— Provided data —
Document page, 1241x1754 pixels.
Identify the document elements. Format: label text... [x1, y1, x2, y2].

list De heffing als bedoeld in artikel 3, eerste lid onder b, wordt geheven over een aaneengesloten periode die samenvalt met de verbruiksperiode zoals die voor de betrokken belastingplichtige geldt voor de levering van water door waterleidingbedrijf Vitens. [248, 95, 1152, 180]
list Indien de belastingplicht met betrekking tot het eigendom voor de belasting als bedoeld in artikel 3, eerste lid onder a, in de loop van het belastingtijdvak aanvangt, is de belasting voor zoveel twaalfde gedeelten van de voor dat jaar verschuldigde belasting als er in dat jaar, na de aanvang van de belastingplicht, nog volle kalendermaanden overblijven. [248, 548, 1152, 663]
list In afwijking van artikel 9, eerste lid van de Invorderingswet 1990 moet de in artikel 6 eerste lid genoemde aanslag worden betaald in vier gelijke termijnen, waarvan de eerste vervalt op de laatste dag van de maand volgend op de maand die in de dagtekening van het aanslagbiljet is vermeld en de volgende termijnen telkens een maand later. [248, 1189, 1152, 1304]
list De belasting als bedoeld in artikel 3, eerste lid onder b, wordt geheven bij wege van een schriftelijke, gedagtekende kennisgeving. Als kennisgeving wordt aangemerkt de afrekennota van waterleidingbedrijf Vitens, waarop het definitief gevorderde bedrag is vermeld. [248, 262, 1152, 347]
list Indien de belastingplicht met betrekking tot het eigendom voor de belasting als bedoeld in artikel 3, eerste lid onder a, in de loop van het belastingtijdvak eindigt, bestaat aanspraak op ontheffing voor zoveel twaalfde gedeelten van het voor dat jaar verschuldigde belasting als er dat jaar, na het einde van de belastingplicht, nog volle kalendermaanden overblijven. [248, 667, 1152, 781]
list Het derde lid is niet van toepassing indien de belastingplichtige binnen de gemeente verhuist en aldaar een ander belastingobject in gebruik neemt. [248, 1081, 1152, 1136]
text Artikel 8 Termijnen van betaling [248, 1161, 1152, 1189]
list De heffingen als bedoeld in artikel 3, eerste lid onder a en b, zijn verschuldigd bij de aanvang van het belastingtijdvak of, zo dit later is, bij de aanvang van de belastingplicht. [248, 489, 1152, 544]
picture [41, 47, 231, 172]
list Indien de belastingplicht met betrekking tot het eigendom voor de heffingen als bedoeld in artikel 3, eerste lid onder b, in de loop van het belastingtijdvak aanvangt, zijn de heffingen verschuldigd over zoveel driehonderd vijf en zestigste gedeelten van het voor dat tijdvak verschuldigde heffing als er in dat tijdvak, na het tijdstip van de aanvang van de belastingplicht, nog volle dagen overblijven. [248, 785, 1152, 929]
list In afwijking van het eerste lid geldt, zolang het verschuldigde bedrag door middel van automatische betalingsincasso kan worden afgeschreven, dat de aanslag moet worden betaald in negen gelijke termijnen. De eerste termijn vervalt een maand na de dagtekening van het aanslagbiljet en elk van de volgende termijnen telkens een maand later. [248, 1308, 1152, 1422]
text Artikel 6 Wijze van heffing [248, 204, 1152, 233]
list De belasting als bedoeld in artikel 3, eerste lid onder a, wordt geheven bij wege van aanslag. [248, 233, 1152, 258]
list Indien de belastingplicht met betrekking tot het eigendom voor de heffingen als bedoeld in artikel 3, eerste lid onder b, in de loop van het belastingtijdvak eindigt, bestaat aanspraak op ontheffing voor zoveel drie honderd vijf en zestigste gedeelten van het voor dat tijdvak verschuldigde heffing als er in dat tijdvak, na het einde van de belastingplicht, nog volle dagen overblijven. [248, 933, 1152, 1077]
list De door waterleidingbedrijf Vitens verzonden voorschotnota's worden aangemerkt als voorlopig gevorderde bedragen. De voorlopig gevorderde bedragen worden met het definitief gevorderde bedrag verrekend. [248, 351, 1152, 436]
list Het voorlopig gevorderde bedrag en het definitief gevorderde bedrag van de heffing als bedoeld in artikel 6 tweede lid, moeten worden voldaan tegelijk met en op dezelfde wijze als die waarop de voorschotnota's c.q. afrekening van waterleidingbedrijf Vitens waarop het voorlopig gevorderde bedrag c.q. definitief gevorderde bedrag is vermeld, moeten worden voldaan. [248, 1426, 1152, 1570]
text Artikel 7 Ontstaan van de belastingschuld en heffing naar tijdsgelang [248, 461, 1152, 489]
---
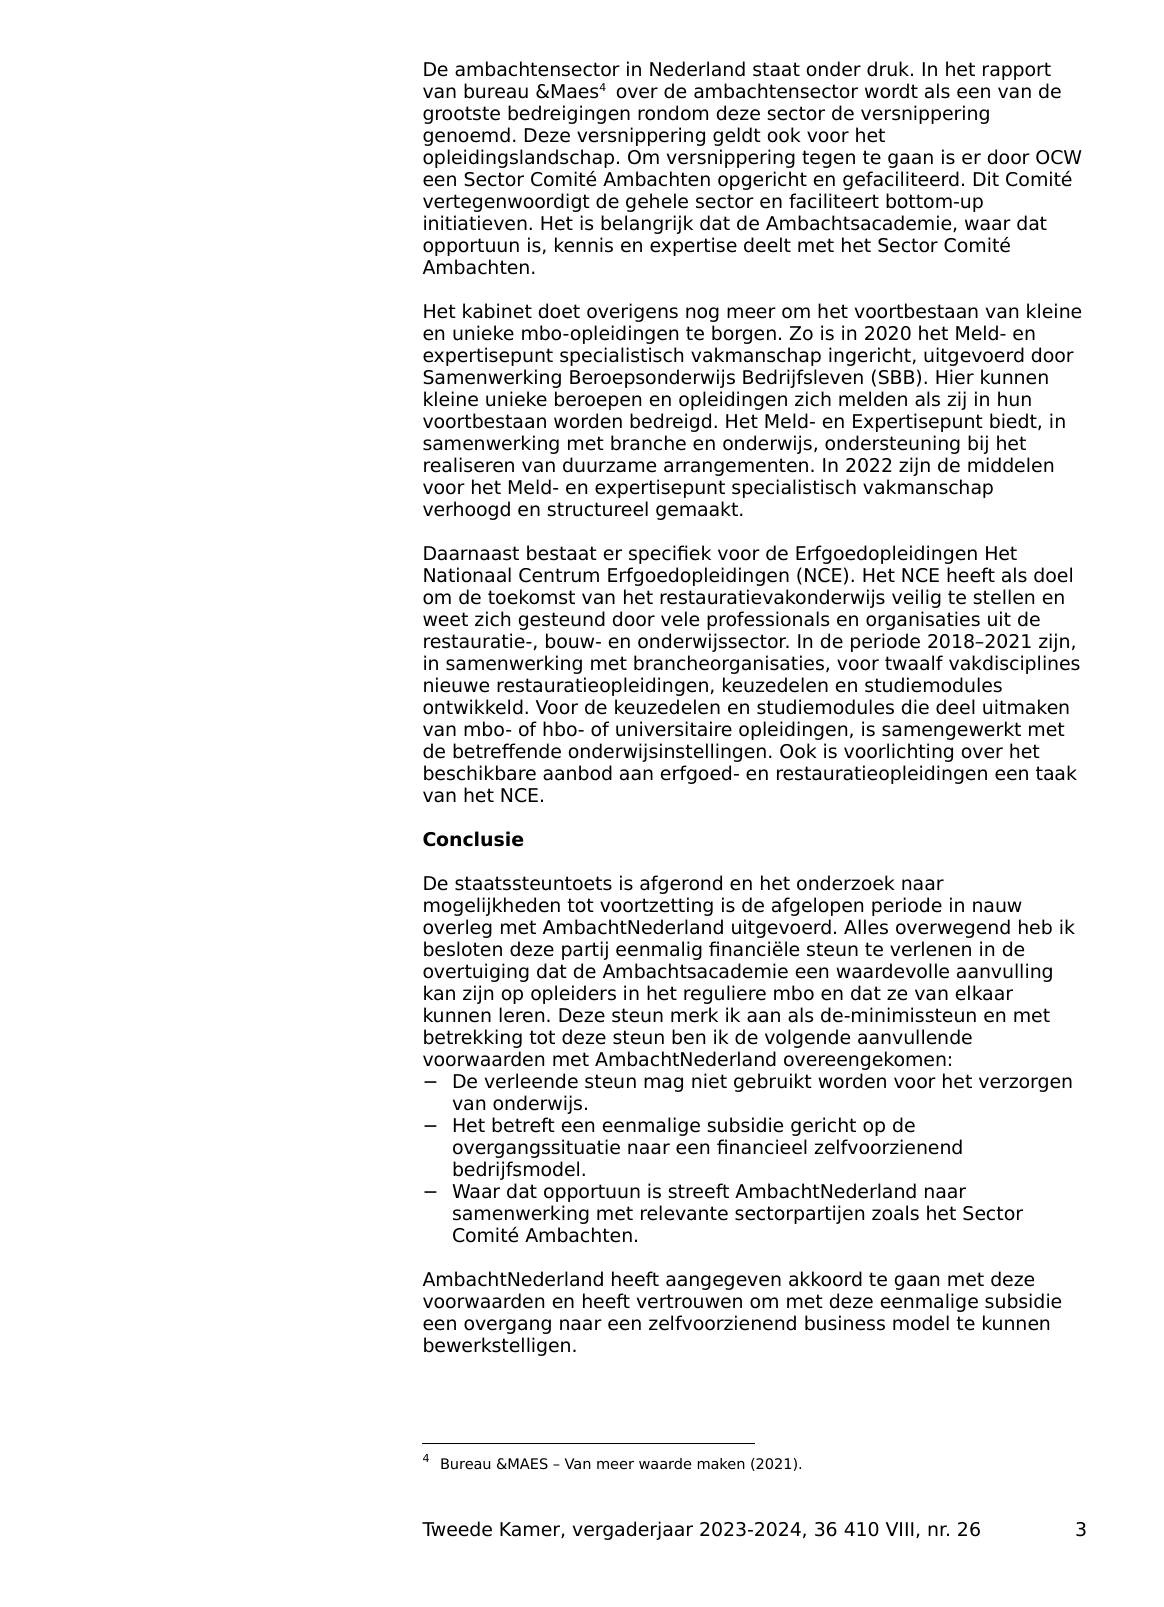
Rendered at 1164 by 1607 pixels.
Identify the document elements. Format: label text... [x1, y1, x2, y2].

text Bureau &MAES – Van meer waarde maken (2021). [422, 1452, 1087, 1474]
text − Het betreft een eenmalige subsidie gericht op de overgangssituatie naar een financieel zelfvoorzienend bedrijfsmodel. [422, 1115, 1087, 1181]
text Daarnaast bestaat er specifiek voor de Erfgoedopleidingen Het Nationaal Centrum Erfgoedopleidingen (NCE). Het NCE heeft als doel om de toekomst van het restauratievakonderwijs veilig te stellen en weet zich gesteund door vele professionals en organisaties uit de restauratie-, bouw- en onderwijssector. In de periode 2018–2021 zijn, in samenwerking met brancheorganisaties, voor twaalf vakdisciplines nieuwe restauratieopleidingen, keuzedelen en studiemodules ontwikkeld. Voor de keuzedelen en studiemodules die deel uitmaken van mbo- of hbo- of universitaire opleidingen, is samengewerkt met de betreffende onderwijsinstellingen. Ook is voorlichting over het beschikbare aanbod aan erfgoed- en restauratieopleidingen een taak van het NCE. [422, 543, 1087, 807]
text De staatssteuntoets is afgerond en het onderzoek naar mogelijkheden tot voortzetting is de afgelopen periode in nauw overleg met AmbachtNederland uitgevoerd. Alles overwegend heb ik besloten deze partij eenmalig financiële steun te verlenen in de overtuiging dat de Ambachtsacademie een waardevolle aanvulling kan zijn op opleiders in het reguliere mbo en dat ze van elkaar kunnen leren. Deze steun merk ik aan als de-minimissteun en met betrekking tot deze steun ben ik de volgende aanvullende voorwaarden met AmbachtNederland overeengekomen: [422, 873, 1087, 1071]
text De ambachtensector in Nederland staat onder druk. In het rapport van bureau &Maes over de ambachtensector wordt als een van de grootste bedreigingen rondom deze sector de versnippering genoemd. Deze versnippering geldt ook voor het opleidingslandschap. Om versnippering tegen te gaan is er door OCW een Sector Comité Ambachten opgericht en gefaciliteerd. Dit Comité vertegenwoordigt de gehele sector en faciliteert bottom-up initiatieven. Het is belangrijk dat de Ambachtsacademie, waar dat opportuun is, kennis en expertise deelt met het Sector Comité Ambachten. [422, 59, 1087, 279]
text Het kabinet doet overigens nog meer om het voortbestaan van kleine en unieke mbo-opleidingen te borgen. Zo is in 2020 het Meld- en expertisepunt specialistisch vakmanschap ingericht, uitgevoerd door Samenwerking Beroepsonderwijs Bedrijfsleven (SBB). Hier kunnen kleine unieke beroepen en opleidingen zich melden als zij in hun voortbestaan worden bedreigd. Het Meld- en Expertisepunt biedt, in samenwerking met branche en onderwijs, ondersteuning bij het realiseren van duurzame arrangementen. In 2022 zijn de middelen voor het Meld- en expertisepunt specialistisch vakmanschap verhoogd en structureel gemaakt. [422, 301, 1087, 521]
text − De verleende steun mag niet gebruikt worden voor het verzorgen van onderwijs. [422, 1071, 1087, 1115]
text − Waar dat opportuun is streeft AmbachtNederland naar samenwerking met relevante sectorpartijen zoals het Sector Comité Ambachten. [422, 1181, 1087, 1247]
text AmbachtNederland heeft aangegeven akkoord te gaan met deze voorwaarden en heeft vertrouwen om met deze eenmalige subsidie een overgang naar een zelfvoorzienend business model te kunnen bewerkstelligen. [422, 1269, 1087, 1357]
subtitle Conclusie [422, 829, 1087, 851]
* * *
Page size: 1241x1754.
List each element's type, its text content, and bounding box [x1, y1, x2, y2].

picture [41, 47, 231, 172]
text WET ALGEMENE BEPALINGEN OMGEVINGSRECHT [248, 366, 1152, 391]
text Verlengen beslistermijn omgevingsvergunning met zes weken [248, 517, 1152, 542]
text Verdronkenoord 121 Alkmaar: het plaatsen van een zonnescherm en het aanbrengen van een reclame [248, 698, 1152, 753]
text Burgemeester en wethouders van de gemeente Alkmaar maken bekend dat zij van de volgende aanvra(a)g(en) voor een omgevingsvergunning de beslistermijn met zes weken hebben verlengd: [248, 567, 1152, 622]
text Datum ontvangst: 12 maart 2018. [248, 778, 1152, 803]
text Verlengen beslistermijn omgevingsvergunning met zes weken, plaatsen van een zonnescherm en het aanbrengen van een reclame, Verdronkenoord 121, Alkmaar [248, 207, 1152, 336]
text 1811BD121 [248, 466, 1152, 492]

— What the task requires —
Which lines in the listing hold the word "voorschotnota"? Copy them out.

— Output of the exercise —
list De door waterleidingbedrijf Vitens verzonden voorschotnota's worden aangemerkt als voorlopig gevorderde bedragen. De voorlopig gevorderde bedragen worden met het definitief gevorderde bedrag verrekend. [248, 351, 1152, 436]
list Het voorlopig gevorderde bedrag en het definitief gevorderde bedrag van de heffing als bedoeld in artikel 6 tweede lid, moeten worden voldaan tegelijk met en op dezelfde wijze als die waarop de voorschotnota's c.q. afrekening van waterleidingbedrijf Vitens waarop het voorlopig gevorderde bedrag c.q. definitief gevorderde bedrag is vermeld, moeten worden voldaan. [248, 1426, 1152, 1570]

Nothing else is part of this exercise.